#### DATA FOR THE TASK
━━━━━━━━━━━━━━━━━━━━━━━━━━━━━━
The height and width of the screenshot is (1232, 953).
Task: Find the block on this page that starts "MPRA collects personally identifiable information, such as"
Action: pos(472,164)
━━━━━━━━━━━━━━━━━━━━━━━━━━━━━━
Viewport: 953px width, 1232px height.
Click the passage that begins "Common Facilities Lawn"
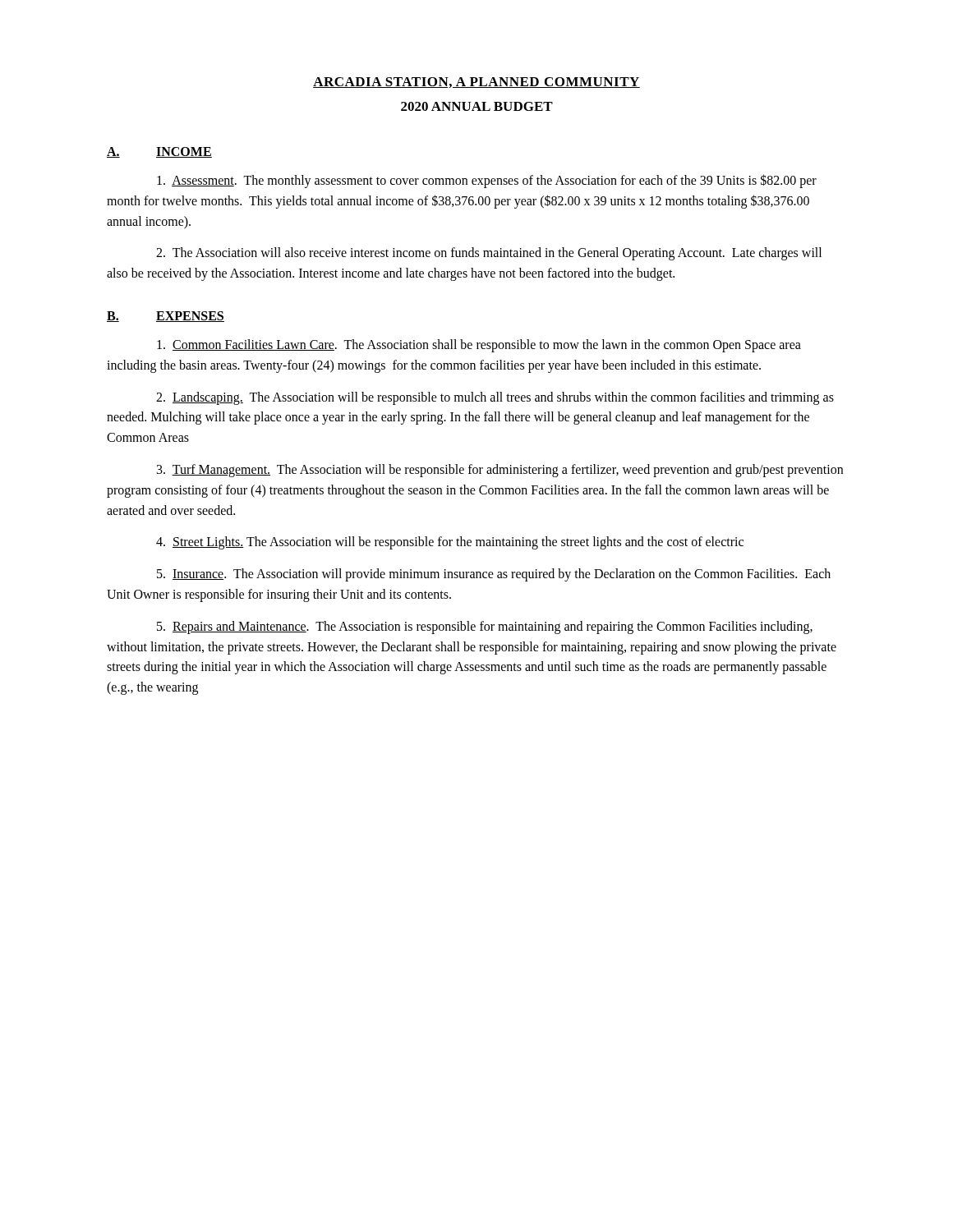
━━━━━━━━━━━━━━━━━━━━━━━━━━━━━━
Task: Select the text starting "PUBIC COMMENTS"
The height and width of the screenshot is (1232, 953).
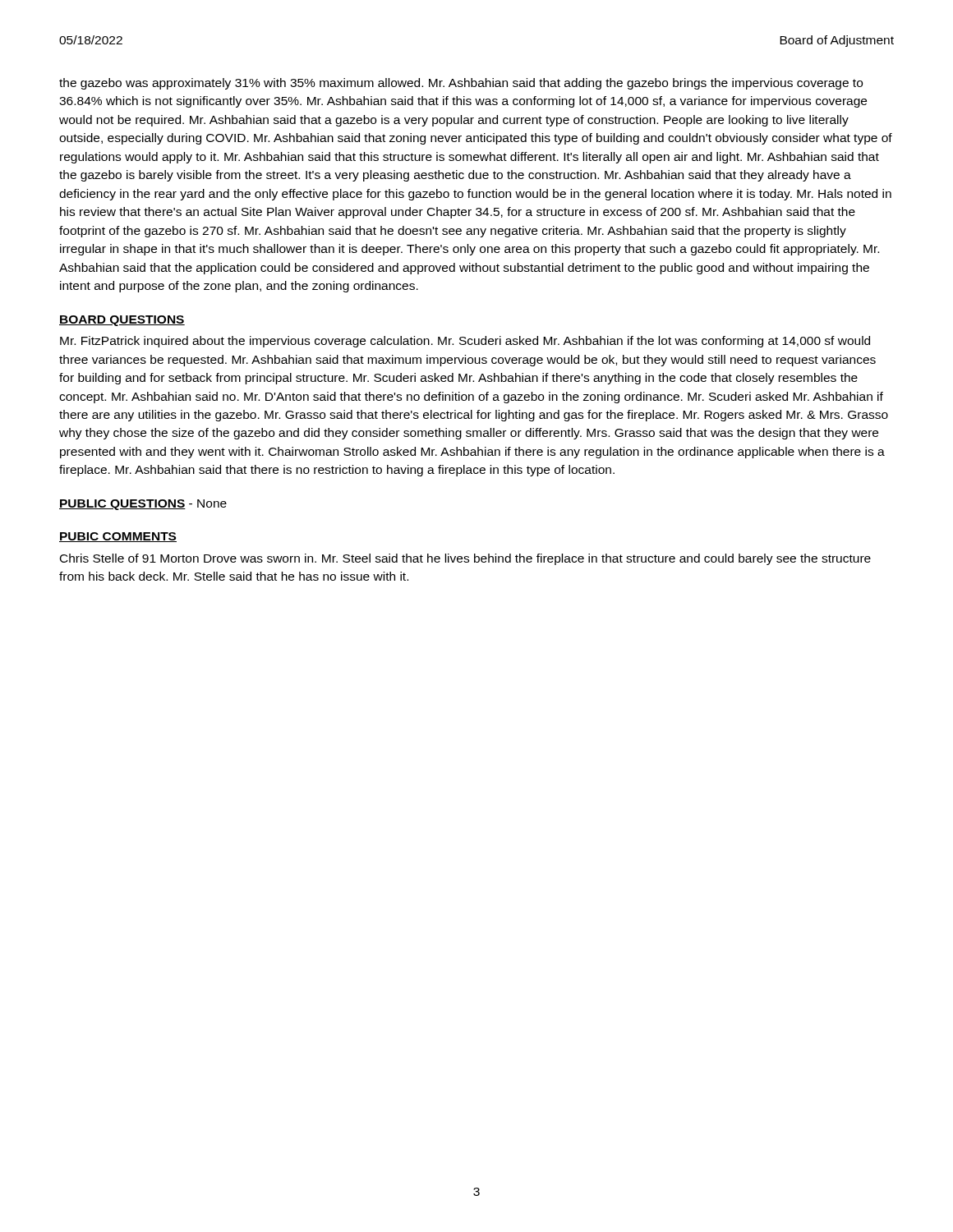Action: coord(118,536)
━━━━━━━━━━━━━━━━━━━━━━━━━━━━━━
#### EXERCISE AIM
In the data above, start at the line that has "Viewport: 953px width, 1232px height.", stop after the line that has "Click the passage", and print every line in between exactly as it stands.

#### COMPLETED EXERCISE
Viewport: 953px width, 1232px height.
Click the passage that begins "Common Facilities Lawn"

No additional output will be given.